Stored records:

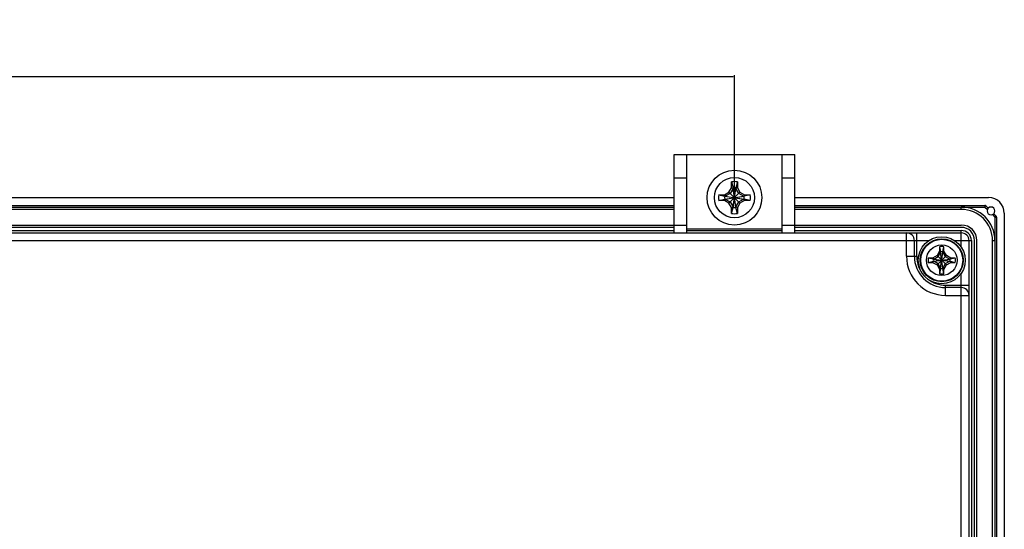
# Model space of a CAD drawing. Extents: x 4 to 805, y 32 to 576.
# Tile 27 of 27: x 679 to 805, y 334 to 399. Entities that reach past the tile are written whole.
import ezdxf

# ---------------------------------------------------------------- set-up
doc = ezdxf.new("R2010")
doc.units = 0
doc.header["$LTSCALE"] = 46.255
doc.header["$PDMODE"] = 3
doc.header["$PDSIZE"] = 0.3125
doc.layers.get('0').update_dxf_attribs({"linetype": 'CONTINUOUS'})
doc.layers.get('DEFPOINTS').update_dxf_attribs({"linetype": 'CONTINUOUS'})
doc.layers.add('AXIS', color=7, linetype='CONTINUOUS')
doc.layers.add('DIM', color=7, linetype='CONTINUOUS')
doc.styles.get("Standard").update_dxf_attribs({"font": 'txt', "width": 0.8})
doc.dimstyles.get("Standard").update_dxf_attribs({"dimtxt": 0.18, "dimasz": 0.18, "dimexe": 0.18, "dimexo": 0.0625, "dimgap": 0.09, "dimtad": 0, "dimtih": 1, "dimtoh": 1, "dimzin": 0, "dimcen": 0.09, "dimazin": 3, "dimtfac": 1, "dimtofl": 0, "dimtmove": 0, "dimatfit": 3})

# ---------------------------------------------------------------- blocks, each defined once
blk = doc.blocks.new('*U54')
at = {"layer": 'DIM', "color": 0, "width": 0.8}
blk.add_text('230', height=5, dxfattribs=at).set_placement((650.1, 393.86))
blk = doc.blocks.new('*D47')
at = {"layer": 'DEFPOINTS', "color": 0, "linetype": 'CONTINUOUS'}
for p in [(770.1, 391.7), (540.1, 376.2), (770.1, 376.2)]:
    blk.add_point(p, dxfattribs=at)
at = {"layer": 'DIM', "color": 0, "linetype": 'CONTINUOUS'}
for p, q in [((540.1, 376.26), (540.1, 391.88)), ((540.28, 391.7), (769.92, 391.7)), ((770.1, 376.26), (770.1, 391.88))]:
    blk.add_line(p, q, dxfattribs=at)
for points in [[(540.28, 391.73), (540.28, 391.67), (540.1, 391.7)], [(769.92, 391.73), (769.92, 391.67), (770.1, 391.7)]]:
    blk.add_solid(points, dxfattribs=at)
blk.add_blockref('*U54', (0, 0))

msp = doc.modelspace()

# ---------------------------------------------------------------- linework, layer by layer
at = {"color": 7, "linetype": 'CONTINUOUS'}
for p, q in [((762.4, 371.7), (762.4, 381.7)), ((762.4, 381.7), (777.8, 381.7)), ((764, 371.7), (764, 381.7)), ((776.2, 371.7), (776.2, 381.7)), ((777.8, 371.7), (777.8, 381.7)), ((764, 378.7), (762.4, 378.7)), ((769.73, 377.47), (769.73, 378.21)), ((769.73, 378.21), (769.92, 377.44)), ((770.47, 378.21), (770.29, 377.44)), ((770.47, 378.21), (770.47, 377.47)), ((777.8, 378.7), (776.2, 378.7)), ((768.08, 376.57), (768.82, 376.57)), ((768.08, 376.57), (768.85, 376.38)), ((768.82, 376.57), (769.4, 376.9)), ((768.82, 376.57), (768.93, 376.38)), ((769.55, 376.74), (768.93, 376.38)), ((769.4, 376.9), (769.73, 377.47)), ((769.4, 375.49), (770.8, 376.9)), ((769.4, 376.9), (770.8, 375.49)), ((769.92, 377.37), (769.55, 376.74)), ((769.73, 377.47), (769.92, 377.37)), ((769.92, 374.95), (770.29, 377.44)), ((769.92, 377.44), (769.92, 377.37)), ((770.29, 374.95), (769.92, 377.44)), ((769.92, 375.02), (770.29, 377.37)), ((770.29, 375.02), (769.92, 377.37)), ((770.47, 377.47), (770.29, 377.37)), ((770.29, 377.37), (770.29, 377.44)), ((770.65, 376.74), (770.29, 377.37)), ((770.47, 377.47), (770.8, 376.9)), ((771.27, 376.38), (770.65, 376.74)), ((770.8, 376.9), (771.38, 376.57)), ((771.38, 376.57), (771.27, 376.38)), ((772.12, 376.57), (771.35, 376.38)), ((771.38, 376.57), (772.12, 376.57)), ((547.8, 376.2), (762.4, 376.2)), ((547.8, 375.2), (762.4, 375.2)), ((768.08, 375.83), (768.85, 376.01)), ((768.82, 375.83), (768.08, 375.83)), ((768.82, 375.83), (768.93, 376.01)), ((769.4, 375.49), (768.82, 375.83)), ((768.85, 376.01), (771.35, 376.38)), ((768.93, 376.38), (768.85, 376.38)), ((768.85, 376.38), (771.35, 376.01)), ((768.85, 376.01), (768.93, 376.01)), ((768.93, 376.01), (771.27, 376.38)), ((768.93, 376.38), (771.27, 376.01)), ((768.93, 376.01), (769.55, 375.65)), ((769.73, 374.92), (769.4, 375.49)), ((769.55, 375.65), (769.92, 375.02)), ((770.29, 375.02), (770.65, 375.65)), ((770.8, 375.49), (770.47, 374.92)), ((770.65, 375.65), (771.27, 376.01)), ((771.38, 375.83), (770.8, 375.49)), ((771.35, 376.38), (771.27, 376.38)), ((771.27, 376.01), (771.35, 376.01)), ((771.38, 375.83), (771.27, 376.01)), ((772.12, 375.83), (771.35, 376.01)), ((772.12, 375.83), (771.38, 375.83)), ((777.8, 376.2), (802.6, 376.2)), ((777.8, 375.2), (802.12, 375.2)), ((802.12, 375.2), (802.12, 375)), ((802.12, 375), (802.26, 375.14)), ((802.55, 374.85), (802.26, 375.14)), ((547.8, 375), (762.4, 375)), ((762.4, 374.7), (547.8, 374.7)), ((769.73, 374.92), (769.92, 375.02)), ((769.73, 374.18), (769.92, 374.95)), ((769.73, 374.18), (769.73, 374.92)), ((769.92, 375.02), (769.92, 374.95)), ((770.29, 374.95), (770.29, 375.02)), ((770.47, 374.92), (770.29, 375.02)), ((770.47, 374.18), (770.29, 374.95)), ((770.47, 374.92), (770.47, 374.18)), ((777.8, 375), (802.12, 375)), ((799.1, 374.7), (777.8, 374.7)), ((802.12, 375), (802.44, 374.68)), ((803.08, 374.03), (803.4, 373.71)), ((803.54, 373.85), (803.25, 374.14)), ((804.6, 374.2), (804.6, 159.2)), ((546.2, 372.7), (764, 372.7)), ((776.2, 372.7), (799.1, 372.7)), ((803.54, 373.85), (803.4, 373.71)), ((803.4, 373.71), (803.6, 373.71)), ((803.4, 373.71), (803.4, 159.68)), ((803.6, 373.71), (803.6, 159.68)), ((511.1, 371.7), (799.1, 371.7)), ((762.4, 372.4), (547.8, 372.4)), ((547.8, 372), (762.4, 372)), ((764, 372.2), (776.2, 372.2)), ((764, 372), (776.2, 372)), ((799.1, 372.4), (777.8, 372.4)), ((777.8, 372), (799.1, 372)), ((792.1, 368.7), (792.1, 371.7)), ((793.4, 368.7), (793.4, 371.7)), ((799.1, 369.85), (799.1, 372)), ((656.74, 370.7), (794.96, 370.7)), ((793.1, 368.7), (793.1, 370.7)), ((798.24, 370.7), (800.4, 370.7)), ((800.1, 162.7), (800.1, 370.7)), ((800.4, 370.7), (800.4, 162.7)), ((800.8, 162.7), (800.8, 370.7)), ((801.1, 162.7), (801.1, 370.7)), ((803.1, 162.7), (803.1, 370.7)), ((796.32, 369.36), (796, 368.8)), ((796.14, 368.66), (796.46, 369.21)), ((796.32, 369.92), (796.32, 369.36)), ((796.32, 369.92), (796.46, 369.27)), ((796.46, 369.21), (796.32, 369.36)), ((796.46, 367.12), (796.74, 369.27)), ((796.46, 369.21), (796.46, 369.27)), ((796.74, 367.12), (796.46, 369.27)), ((796.46, 367.18), (796.74, 369.21)), ((796.74, 367.18), (796.46, 369.21)), ((796.74, 369.27), (796.88, 369.92)), ((796.74, 369.21), (796.88, 369.36)), ((796.74, 369.27), (796.74, 369.21)), ((796.74, 369.21), (797.06, 368.66)), ((796.88, 369.36), (796.88, 369.92)), ((797.21, 368.8), (796.88, 369.36)), ((792.1, 368.7), (793.4, 368.7)), ((795.43, 368.48), (794.87, 368.48)), ((795.53, 368.34), (794.87, 368.48)), ((794.87, 367.92), (795.53, 368.06)), ((794.87, 367.92), (795.43, 367.92)), ((796, 368.8), (795.43, 368.48)), ((795.59, 368.34), (795.43, 368.48)), ((795.59, 368.06), (795.43, 367.92)), ((795.43, 367.92), (796, 367.59)), ((795.53, 368.06), (797.67, 368.34)), ((795.53, 368.34), (795.59, 368.34)), ((795.53, 368.34), (797.67, 368.06)), ((795.59, 368.06), (795.53, 368.06)), ((795.59, 368.34), (796.14, 368.66)), ((795.59, 368.06), (797.62, 368.34)), ((795.59, 368.34), (797.62, 368.06)), ((796.14, 367.73), (795.59, 368.06)), ((796, 367.59), (797.21, 368.8)), ((796, 368.8), (797.21, 367.59)), ((796, 367.59), (796.32, 367.03)), ((796.46, 367.18), (796.14, 367.73)), ((797.06, 367.73), (796.74, 367.18)), ((796.88, 367.03), (797.21, 367.59)), ((797.06, 368.66), (797.62, 368.34)), ((797.62, 368.06), (797.06, 367.73)), ((797.77, 368.48), (797.21, 368.8)), ((797.21, 367.59), (797.77, 367.92)), ((797.62, 368.34), (797.77, 368.48)), ((797.62, 368.34), (797.67, 368.34)), ((797.67, 368.06), (797.62, 368.06)), ((797.62, 368.06), (797.77, 367.92)), ((798.33, 368.48), (797.67, 368.34)), ((797.67, 368.06), (798.33, 367.92)), ((798.33, 368.48), (797.77, 368.48)), ((797.77, 367.92), (798.33, 367.92)), ((796.46, 367.18), (796.32, 367.03)), ((796.46, 367.12), (796.32, 366.47)), ((796.32, 367.03), (796.32, 366.47)), ((796.46, 367.12), (796.46, 367.18)), ((796.74, 367.18), (796.74, 367.12)), ((796.74, 367.18), (796.88, 367.03)), ((796.88, 366.47), (796.74, 367.12)), ((796.88, 366.47), (796.88, 367.03)), ((799.1, 313.4), (799.1, 366.54)), ((797.1, 365), (800.1, 365)), ((797.1, 363.7), (797.1, 365)), ((799.1, 364.7), (797.1, 364.7)), ((797.1, 363.7), (800.1, 363.7))]:
    msp.add_line(p, q, dxfattribs=at)
for centre, radius in [((770.1, 376.2), 3.5), ((770.1, 376.2), 2.57), ((796.6, 368.2), 3), ((796.6, 368.2), 2.75), ((796.6, 368.2), 2.68), ((796.6, 368.2), 1.96)]:
    msp.add_circle(centre, radius, dxfattribs=at)
for centre, radius, start, end in [((770.1, 376.2), 2.05, 79.6018, 100.3982), ((770.1, 376.2), 2.05, 169.6018, 190.3982), ((770.1, 376.2), 1.26, 81.557, 98.443), ((770.1, 376.2), 2.05, 349.6018, 10.3982), ((770.1, 376.2), 1.26, 171.557, 188.443), ((770.1, 376.2), 1.26, 351.557, 8.443), ((802.12, 375), 0.2, 45, 90), ((802.6, 374.2), 2, 0, 90), ((770.1, 376.2), 2.05, 259.6018, 280.3982), ((770.1, 376.2), 1.26, 261.557, 278.443), ((799.1, 370.7), 4.3, 0, 90), ((799.1, 370.7), 4, 0, 90), ((802.9, 374.5), 0.5, 135, 315), ((799.1, 370.7), 2, 0, 90), ((803.4, 373.71), 0.2, 0, 45), ((792.1, 370.7), 1, 0, 90), ((799.1, 370.7), 1.7, 0, 90), ((799.1, 370.7), 1.3, 0, 90), ((799.1, 370.7), 1, 0, 90), ((796.6, 368.2), 1.75, 80.7931, 99.2069), ((796.6, 368.19), 1.08, 82.5623, 97.4377), ((797.1, 368.7), 5, 180, 270), ((797.1, 368.7), 4, 180, 270), ((797.1, 368.7), 3.7, 180, 221.4351), ((796.6, 368.2), 1.75, 170.7931, 189.2069), ((796.6, 368.2), 1.08, 172.5623, 187.4377), ((796.6, 368.2), 1.08, 352.5623, 7.4377), ((796.6, 368.2), 1.75, 350.7931, 9.2069), ((796.6, 368.2), 1.75, 260.7931, 279.2069), ((796.6, 368.2), 1.08, 262.5623, 277.4377), ((797.1, 368.7), 3.7, 231.0845, 270), ((799.1, 363.7), 1, 0, 90)]:
    msp.add_arc(centre, radius, start, end, dxfattribs=at)
at = {"layer": 'AXIS', "color": 7, "linetype": 'CONTINUOUS'}
for p, q in [((799.1, 374.7), (799.1, 375)), ((803.1, 370.7), (803.4, 370.7))]:
    msp.add_line(p, q, dxfattribs=at)
msp.add_arc((802.9, 374.5), 0.5, 315, 135, dxfattribs=at)

# ---------------------------------------------------------------- dimensions: what is measured, and where the dimension line sits
at = {"layer": 'DIM', "color": 7, "linetype": 'CONTINUOUS'}
dim = msp.add_linear_dim(base=(770.1, 391.7), p1=(540.1, 376.2), p2=(770.1, 376.2), dimstyle='Standard', override={"dimtxt": 5, "dimdec": 0}, dxfattribs=at)
dim.commit()
dim.dimension.update_dxf_attribs({"geometry": '*D47', "text_midpoint": (655.1, 396.36), "dimtype": 128})

doc.saveas('drawing.dxf')

**Action item**
Start with the line above that contains "dimension line sits" and end with the line that contains "dim.commit()". Write out those lines exactly, and only those.

**Solution for this task**
# ---------------------------------------------------------------- dimensions: what is measured, and where the dimension line sits
at = {"layer": 'DIM', "color": 7, "linetype": 'CONTINUOUS'}
dim = msp.add_linear_dim(base=(770.1, 391.7), p1=(540.1, 376.2), p2=(770.1, 376.2), dimstyle='Standard', override={"dimtxt": 5, "dimdec": 0}, dxfattribs=at)
dim.commit()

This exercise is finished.